When she emerged, she was wearing Cliff's St Tropez wrap that she had found conveniently hanging up behind the door. And Cliff himself was down to his string vest and college underpants. His restrained pinstripe suit, his pink shirt and his bold and rather striking tie were draped neatly over the chair by the window, with his brown suede shoes on the floor beside them.

Cliff put his arm tenderly about her, and they started to go through to the bedroom together. They had got only as far as the end of the couch, however, when the front-door buzzer sounded. The note startled him. Telling Estelle to stay where she was, he padded barefoot
into the hall. It was definitely on the late side for visitors. There was no safety-chain on the door, and he was careful to lean his shoulder up against it as he turned the knob.

But it was only lonely Zena. And after the frustrations of the airport, the endless cups of coffee before the flight cancellation was finally confirmed, she was dangerously close to breaking-point. At the sight of Cliff, all stripped-down and masculine-looking, she uttered a happy little cry and sprang at him. The door flew open, and there he was clasped in the cherry-red uniform of Charter Airflights.

It was over Cliff's shoulders that Zena saw Estelle. And the sight of those long, white legs under the St Tropez bath-wrap was too much for her. She was still carrying her overnight air-bag with the name of her employers printed on it.

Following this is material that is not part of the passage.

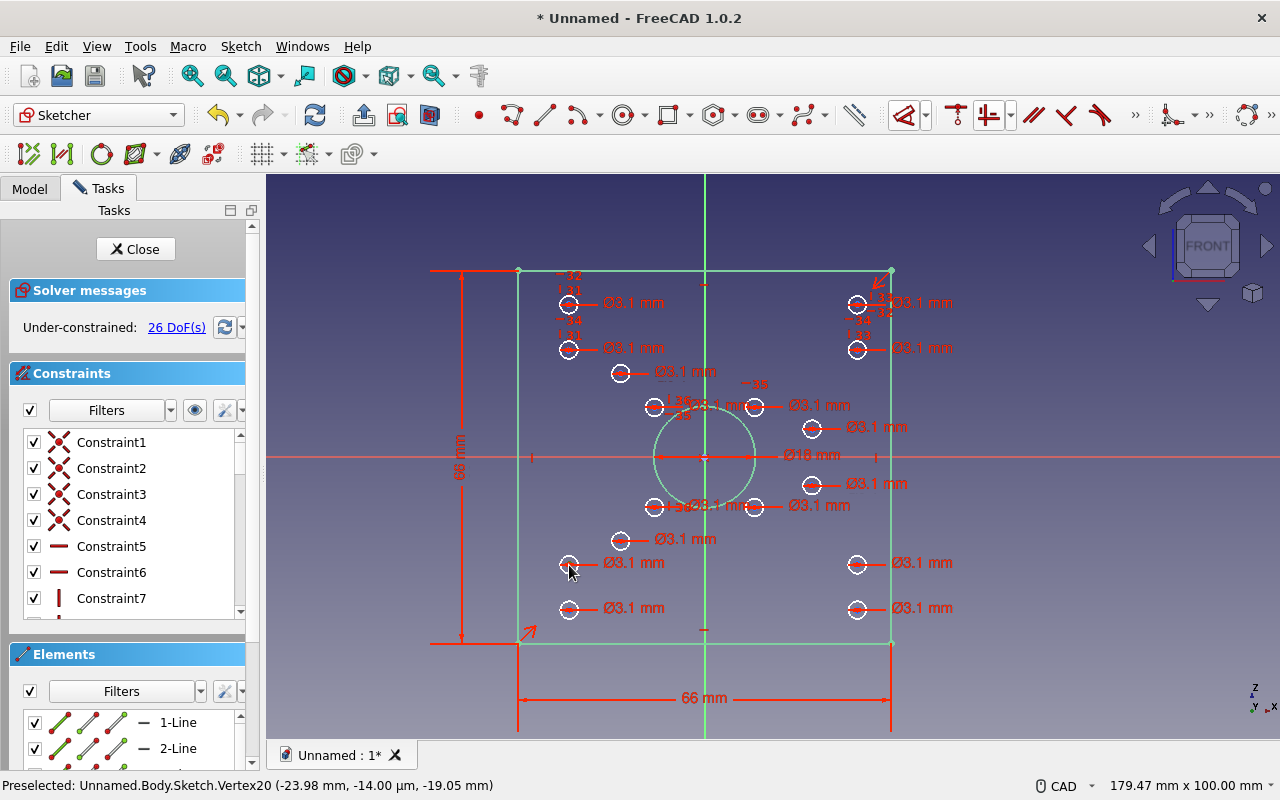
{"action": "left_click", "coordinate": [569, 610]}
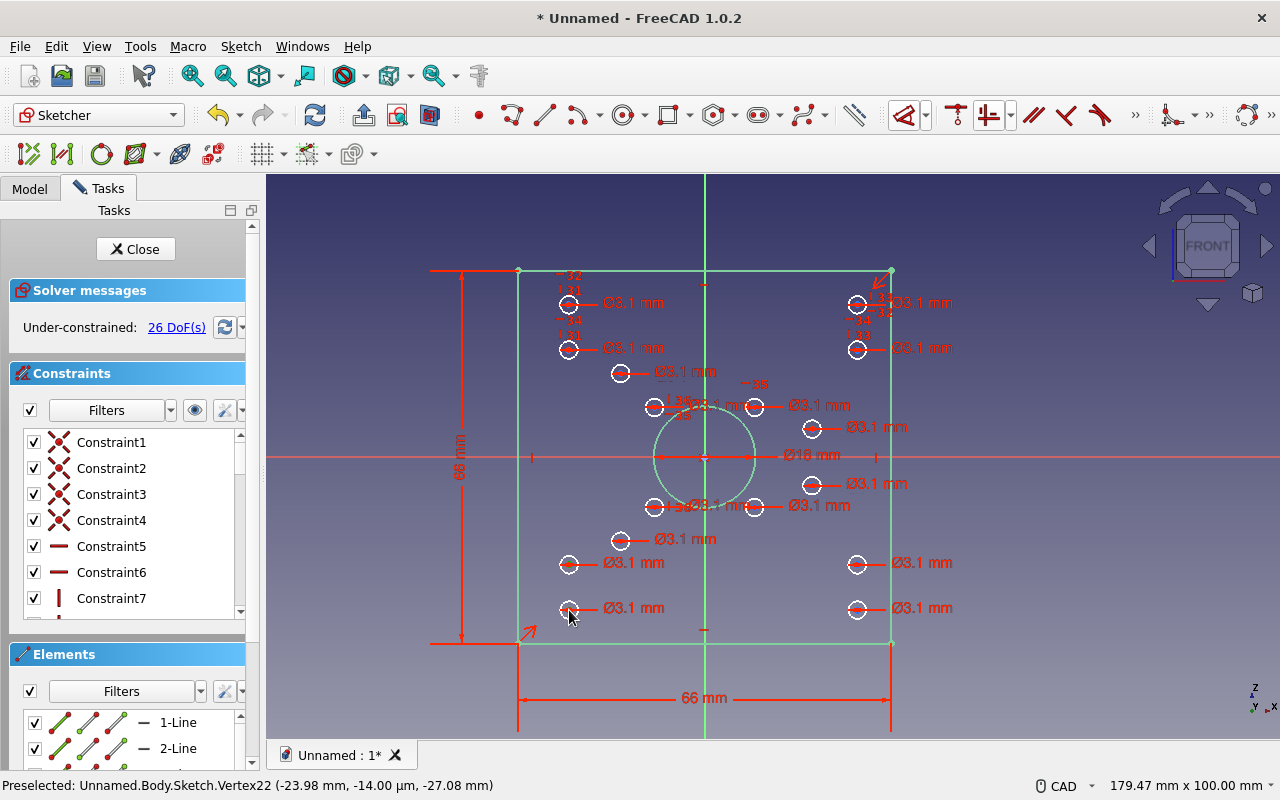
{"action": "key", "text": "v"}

And it was heavy because it contained a carton of duty-free whisky that she had intended as a present for Cliff. Slipping the bag off her shoulder, she shortened her grip on the strap and hit out at him. Cliff, all but defenceless in his string vest and college underpants, backed away. Then he saw that Zena was making for Estelle, and he tried to stop her. That was when the cherry-red uniform got torn. The occasional table went over. And Zena was swinging out again. This time it was at Estelle. But by now Estelle was prepared. She had picked up one of Cliff's brown suede shoes, and was defending herself.

Looking back on the whole episode, what Cliff resented most was Zena's and Estelle's attitude towards him. When the fight was over, they had gone through to the bathroom together, and had stayed there rather a long time. While Cliff was putting the occasional table back on its feet again and picking up the cigarette ends from the ashtray that had gone over with it, he could hear taps being turned on and off, and the basin cupboard being opened and shut again. Because Estelle would hardly be using her new toothbrush now, he imagined that it was aspirins or sticking-plaster that they were after. Then the bathroom door opened and they walked straight past him. The last that he saw of either of them was as they went down the corridor towards the lift. They had their arms round each other by then, and Estelle was carrying Zena's air-bag for her.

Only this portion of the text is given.